4、分别应用扰动法和最佳一致逼近法,给出WBGB曲线的降阶算法,并给出了误差估计。实验表明,用最佳一致逼近法效果比扰动法要好,若利用扰动法得到的降阶曲线不能达到预期的误差,则可以先利用细分算法对曲线做细分,再逐段用扰动法降阶。WBGB曲线的降阶算法的给出,丰富了广义Ball曲线曲面的理论体系。
This dissertation summaries our researches on the two important kinds of curves and surfaces---curves and surfaces in the hybrid polynomial space and generalized Ball curves, which include the bi-cubic C-Hermite surfaces based on algebraic trigonometric polynomial, H-Bezier curves and surfaces based on algebraic hyperbolic polynomial, Wang-Bezier type generalized Ball curves (WBGB curves for short) and Bezier-Said-Wang type generalized Ball curves (BSWGB curves for short), respectively. The main results in this dissertation are outlined as follows:
1、 Based on the analysis of the properties of C-Hermite polynomials, Bi-cubic C-Hermite surface has been constructed in this dissertation. Furthermore, the applications of bi-cubic C-Hermite surface in geometric modeling and image interpolation are also given, and experimental results demonstrate that the presented method has good effects.

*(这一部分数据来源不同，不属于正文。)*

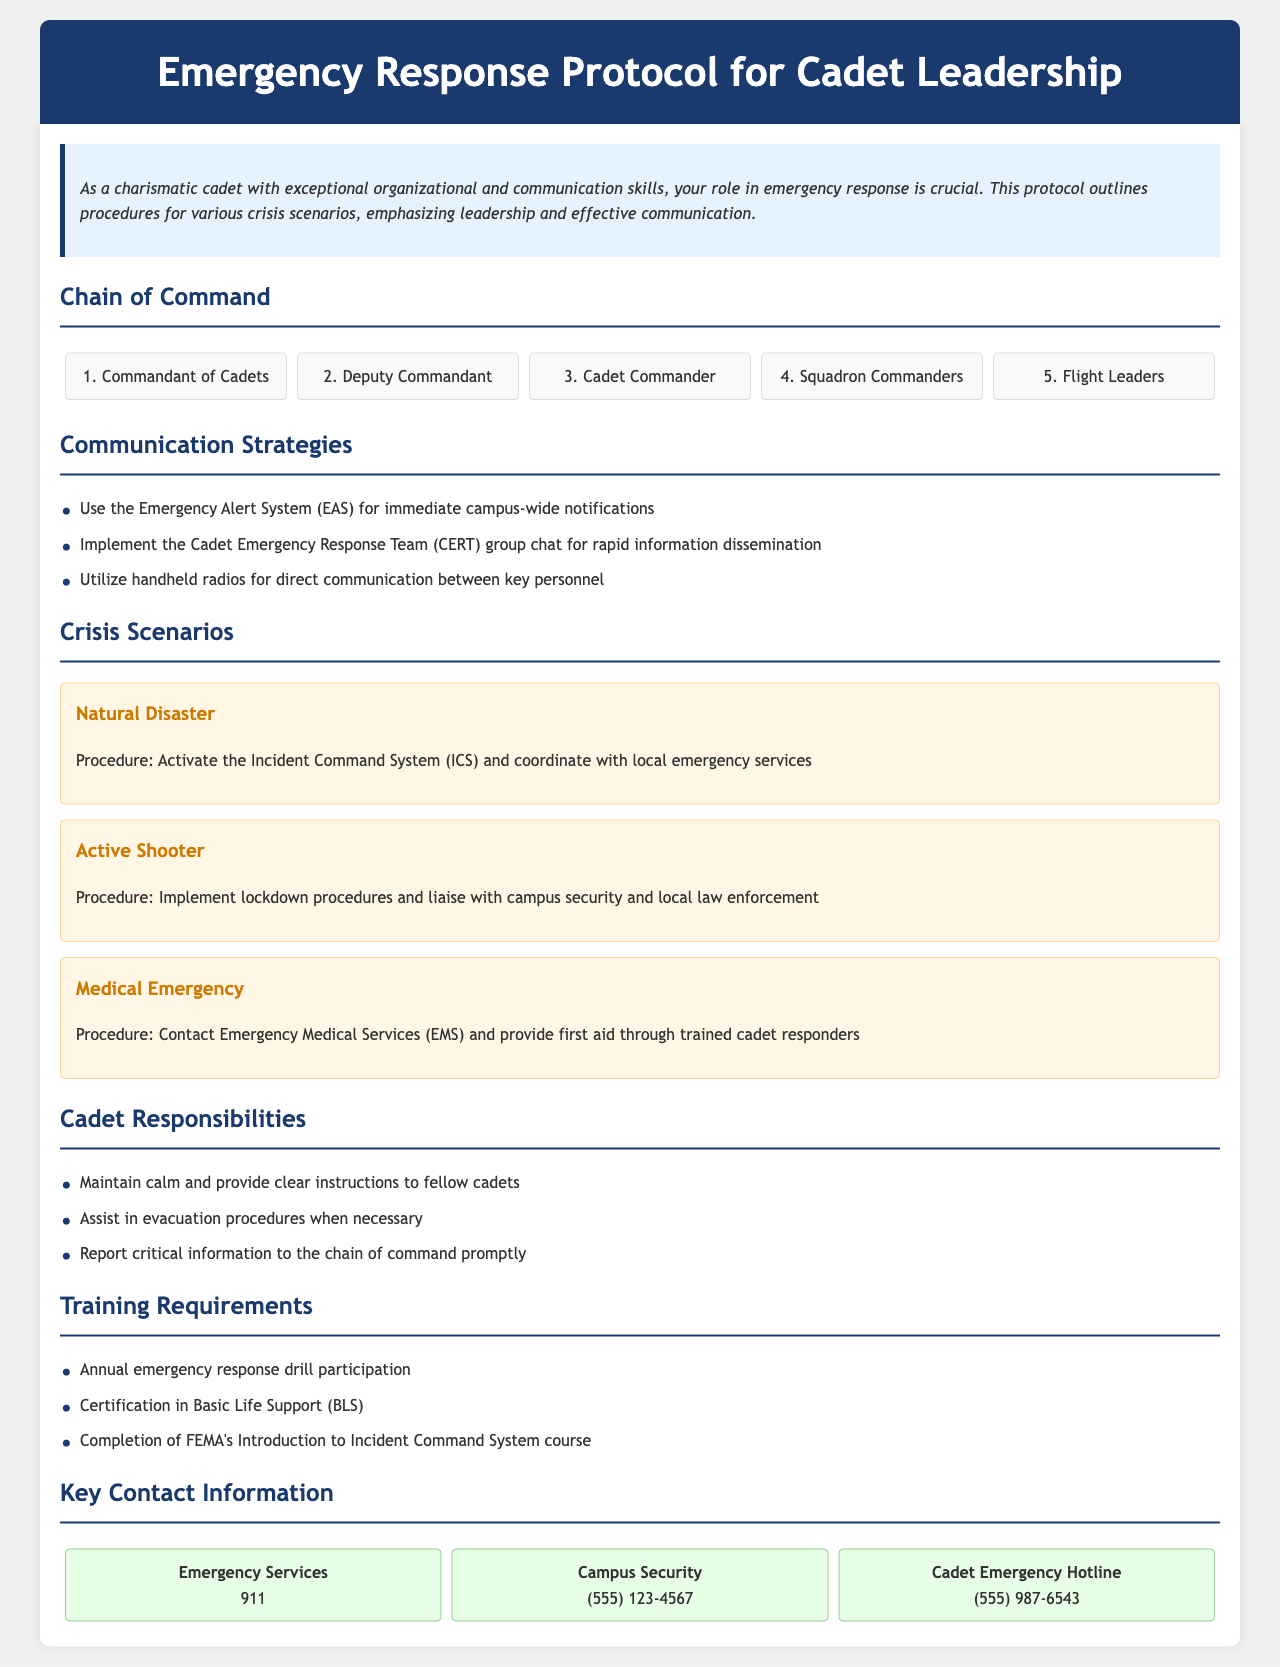What is the title of the document? The title of the document can be found in the header section of the document.
Answer: Emergency Response Protocol for Cadet Leadership How many levels are in the chain of command? The chain of command section lists five distinct positions.
Answer: 5 What is the procedure for a natural disaster? The document specifies the procedure that involves activating the Incident Command System and coordinating with local emergency services.
Answer: Activate ICS and coordinate with local emergency services Which communication strategy involves the Emergency Alert System? The document outlines the use of the EAS for immediate notifications.
Answer: Use the Emergency Alert System (EAS) What responsibility do cadets have during an emergency? The document mentions that cadets must maintain calm and provide clear instructions.
Answer: Maintain calm and provide clear instructions Which organization must cadets complete a course from as part of their training requirements? The document states cadets must complete FEMA's Introduction to Incident Command System course.
Answer: FEMA What is the phone number for campus security? The contact information section provides a specific number for campus security.
Answer: (555) 123-4567 What is the first contact listed under key contact information? The key contact information section lists Emergency Services as the first entry.
Answer: Emergency Services What scenario requires contacting Emergency Medical Services? Medical emergencies necessitate contacting EMS according to the protocol.
Answer: Medical Emergency

2、The studies on the H-Bezier curves and surfaces are summaried as follows:· A subdivision algorithm of cubic H-Bezier curves is put forward, which serves to determine the control parameters and control points of the two subcurves pt*(t)(0≤t≤t*) and pα-t*(t)(0≤t≤α-t*) subdivided by any point p(t*)(0≤t*≤a) of cubic H-Bezier curves. The connection conditions of cubic H-Bezier curves and cubic Bezier curves are worked out and the applications of cubic H-Bezier curves in the surface modeling are given. The obtained results, which are simple and intuitionistic, can effectively improve the shape representation and control of cubic H-Bezier curves.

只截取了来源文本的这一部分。